It is not easy to write about a Damascene conversion. It seems it is even harder to read about it. I documented this journey in a book, Lost Where We BelongTrying to Escape Apartheid’s Shadows, which although had the backing of a respected London literary agent, was turned down for publication by major publishing houses because, as one editor put it: “The book has a moral weight to it that is inescapable and very affecting…[though]… the very honest truth is that I think it would simply be very hard to persuade a large enough audience to engage with it, even though I’m sure that those who did so would find it very powerful.”

It might not be en vogue to be a racist, but nor is it profitable, fashionable or palatable to publicly undo these knots in your white self.

Which is where this story really begins.

The Wozobona Cultural Centre is on Phiela Street in Orlando East in Soweto.
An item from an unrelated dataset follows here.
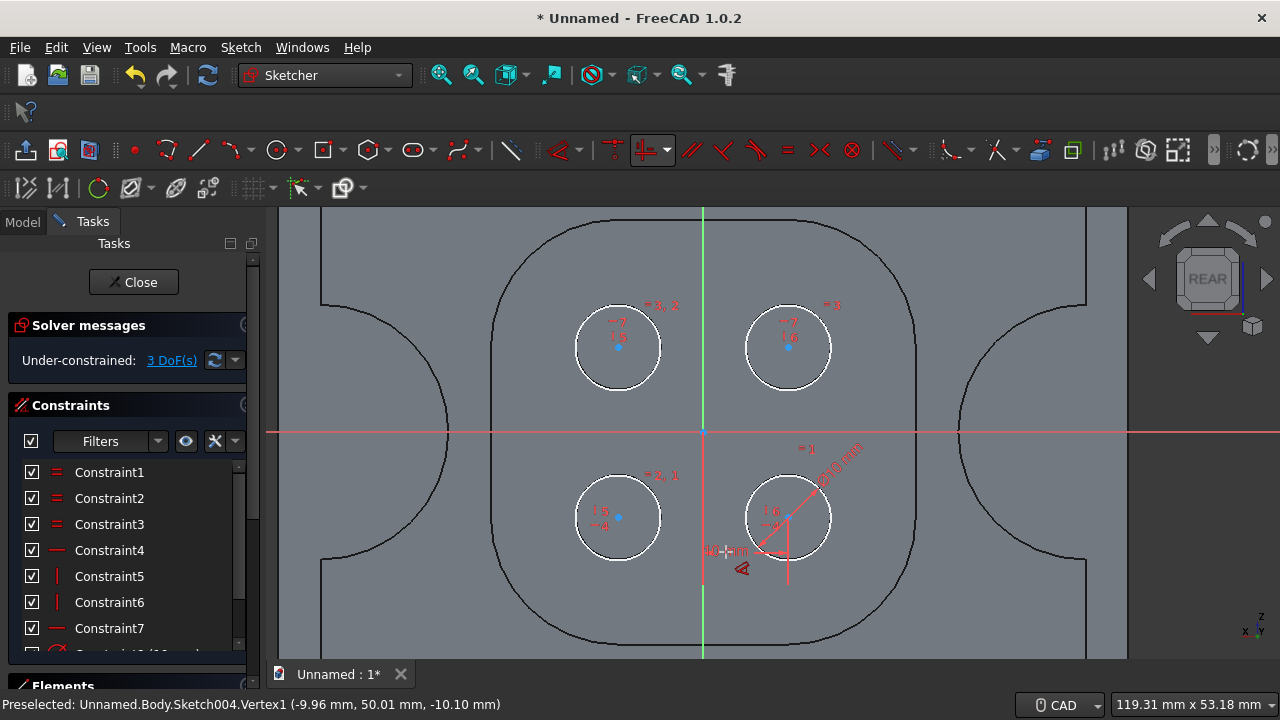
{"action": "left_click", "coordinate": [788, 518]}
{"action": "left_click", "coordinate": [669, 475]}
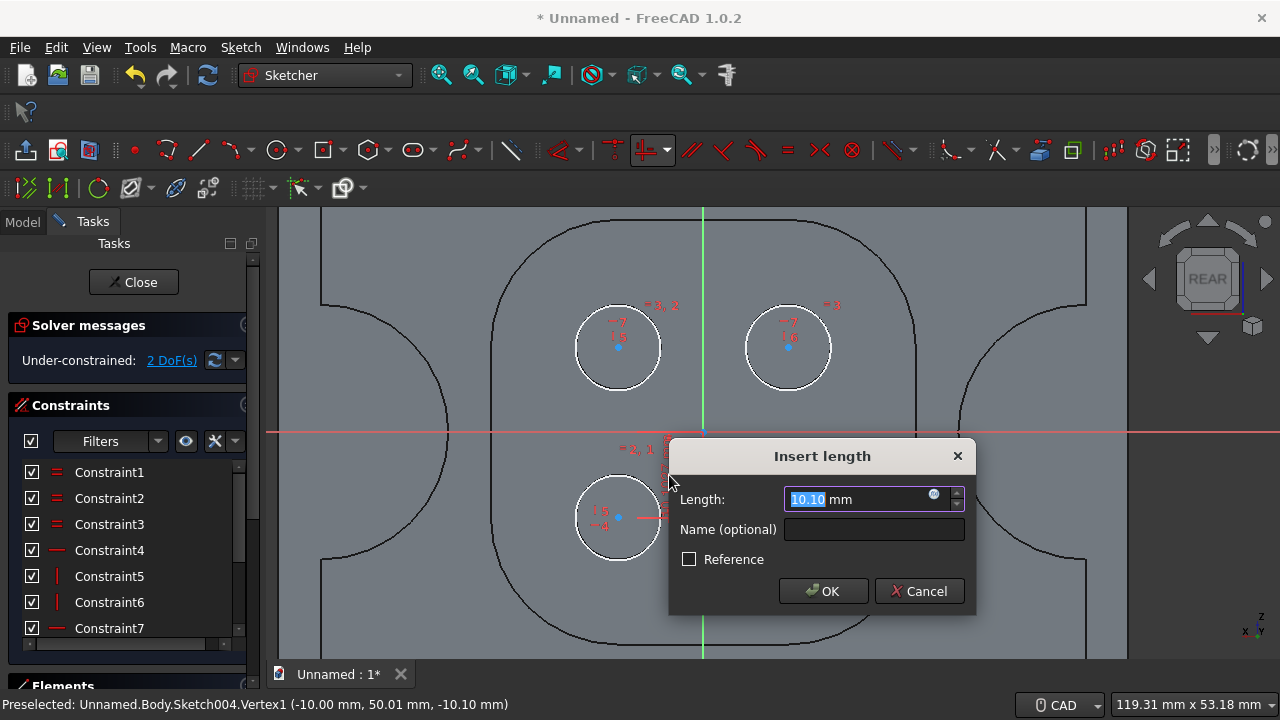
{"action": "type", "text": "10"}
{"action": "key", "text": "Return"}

The main building is a takeaway shop that sells snacks and cold drinks. Out back is a shaded eating area and a pretend bedroom where tourists on a township tour can poke their head into a “real” township bedroom, without actually having to go into anyone’s real bedroom. It is owned by Mr and Mrs Dlamini, parents of Busi, an articulate feminist and racial justice activist who, having grown up in apartheid South Africa, not only has first-hand experience of racism, but has the enviable ability to lob phrases like “internalised oppression” and “cultural appropriation” at people’s heads and make them understand what they mean and why they are worth thinking about.

I had met Busi through Keke Motseke and Anisha Panchia, two women who had started a pop-up dialogue café called Consciousness Café. After my five years of solo soul searching, I too had had the idea of setting up an “apartheid café” in which South Africans could come together to heal emotional scars, and Keke and Anisha – black and Indian respectively – had welcomed me as the white face of the Consciousness Café.

We began collaborating in 2015 when dark clouds were visibly gathering over the Rainbow Nation. For the first 21 years of our democracy we had attempted to do as Tata Mandela instructed: forgive, smile, dance. We collectively pretended that we had not been scarred by the shadows of apartheid. We boasted and lamented that the Born Frees – those born after 1994 – were not even interested in politics. And then, in March 2015, just over a year after Mandela’s death, the youth woke up. With the #RhodesMustFall and #FeesMustFall student protests – protests that demanded the removal of colonial icons and that the government come good on its promise of free tertiary education – a new era was ushered in. It was like when a family patriarch dies and the quarrelling over inheritance can begin and the dark secrets finally come out.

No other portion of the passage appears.